TASK DIRECTIONS: Please return every line of the records below that holds the word "each".

Collected data entries
"""

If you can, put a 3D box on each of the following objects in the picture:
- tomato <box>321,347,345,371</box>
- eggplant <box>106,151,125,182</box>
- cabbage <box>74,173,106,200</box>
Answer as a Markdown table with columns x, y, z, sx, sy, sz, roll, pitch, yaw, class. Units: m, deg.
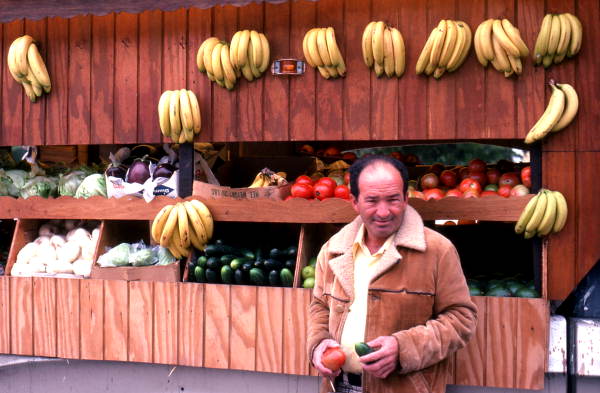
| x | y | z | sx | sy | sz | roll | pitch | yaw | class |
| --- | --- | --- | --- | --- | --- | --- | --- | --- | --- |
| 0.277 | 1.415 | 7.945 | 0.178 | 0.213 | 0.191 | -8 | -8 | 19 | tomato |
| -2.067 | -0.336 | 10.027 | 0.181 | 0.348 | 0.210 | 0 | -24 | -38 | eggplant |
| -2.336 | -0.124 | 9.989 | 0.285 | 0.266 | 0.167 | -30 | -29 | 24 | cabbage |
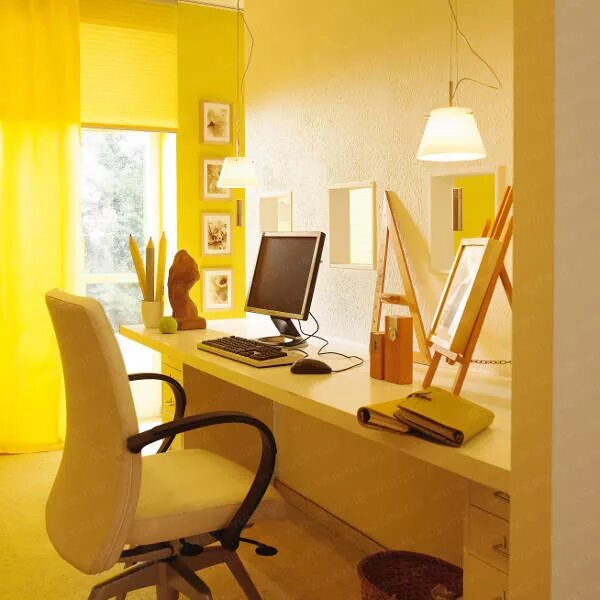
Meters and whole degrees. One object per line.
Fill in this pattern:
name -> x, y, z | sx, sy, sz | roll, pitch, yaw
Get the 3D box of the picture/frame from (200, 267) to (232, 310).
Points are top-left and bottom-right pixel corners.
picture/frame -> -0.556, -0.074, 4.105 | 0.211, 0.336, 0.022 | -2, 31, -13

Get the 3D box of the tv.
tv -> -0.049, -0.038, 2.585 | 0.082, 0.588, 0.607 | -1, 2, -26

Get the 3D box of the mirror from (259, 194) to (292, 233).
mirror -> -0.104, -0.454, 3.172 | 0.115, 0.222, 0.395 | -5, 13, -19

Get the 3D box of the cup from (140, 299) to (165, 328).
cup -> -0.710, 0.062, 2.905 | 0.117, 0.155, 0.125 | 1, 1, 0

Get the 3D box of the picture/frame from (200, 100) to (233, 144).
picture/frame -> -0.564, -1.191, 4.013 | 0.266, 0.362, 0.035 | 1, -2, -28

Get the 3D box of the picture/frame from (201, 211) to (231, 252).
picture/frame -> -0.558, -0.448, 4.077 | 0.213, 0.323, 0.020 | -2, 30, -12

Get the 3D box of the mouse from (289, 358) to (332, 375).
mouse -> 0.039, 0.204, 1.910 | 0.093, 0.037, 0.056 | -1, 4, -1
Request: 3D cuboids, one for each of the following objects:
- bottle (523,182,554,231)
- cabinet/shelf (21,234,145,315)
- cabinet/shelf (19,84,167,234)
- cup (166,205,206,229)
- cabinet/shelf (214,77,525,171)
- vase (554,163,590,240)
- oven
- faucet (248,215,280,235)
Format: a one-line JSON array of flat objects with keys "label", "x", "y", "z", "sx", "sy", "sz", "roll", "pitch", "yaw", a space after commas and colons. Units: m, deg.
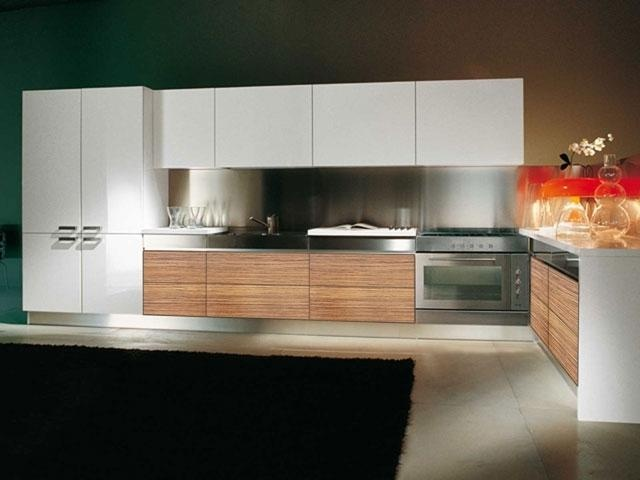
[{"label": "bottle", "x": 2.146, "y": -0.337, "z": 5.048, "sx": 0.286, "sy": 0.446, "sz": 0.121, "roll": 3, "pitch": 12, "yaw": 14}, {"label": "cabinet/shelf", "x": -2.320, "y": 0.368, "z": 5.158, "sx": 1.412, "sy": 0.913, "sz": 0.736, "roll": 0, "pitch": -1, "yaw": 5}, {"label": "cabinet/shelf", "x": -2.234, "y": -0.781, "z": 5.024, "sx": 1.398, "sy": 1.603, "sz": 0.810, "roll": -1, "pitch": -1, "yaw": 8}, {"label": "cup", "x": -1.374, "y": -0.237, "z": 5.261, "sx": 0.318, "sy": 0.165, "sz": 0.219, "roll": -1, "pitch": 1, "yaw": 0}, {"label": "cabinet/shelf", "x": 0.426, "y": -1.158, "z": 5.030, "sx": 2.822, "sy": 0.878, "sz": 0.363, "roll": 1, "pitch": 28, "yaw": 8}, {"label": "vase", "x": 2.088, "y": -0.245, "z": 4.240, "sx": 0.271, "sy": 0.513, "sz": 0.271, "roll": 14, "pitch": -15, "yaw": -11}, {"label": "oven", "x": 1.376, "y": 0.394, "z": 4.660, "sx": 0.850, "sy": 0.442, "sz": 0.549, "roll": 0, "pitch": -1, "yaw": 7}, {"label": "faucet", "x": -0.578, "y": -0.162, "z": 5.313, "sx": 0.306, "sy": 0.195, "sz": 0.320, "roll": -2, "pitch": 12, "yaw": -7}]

"""

REPLY TO THE EXERCISE:
If you can, put a 3D box on each of the following objects in the picture:
Request: 3D cuboids, one for each of the following objects:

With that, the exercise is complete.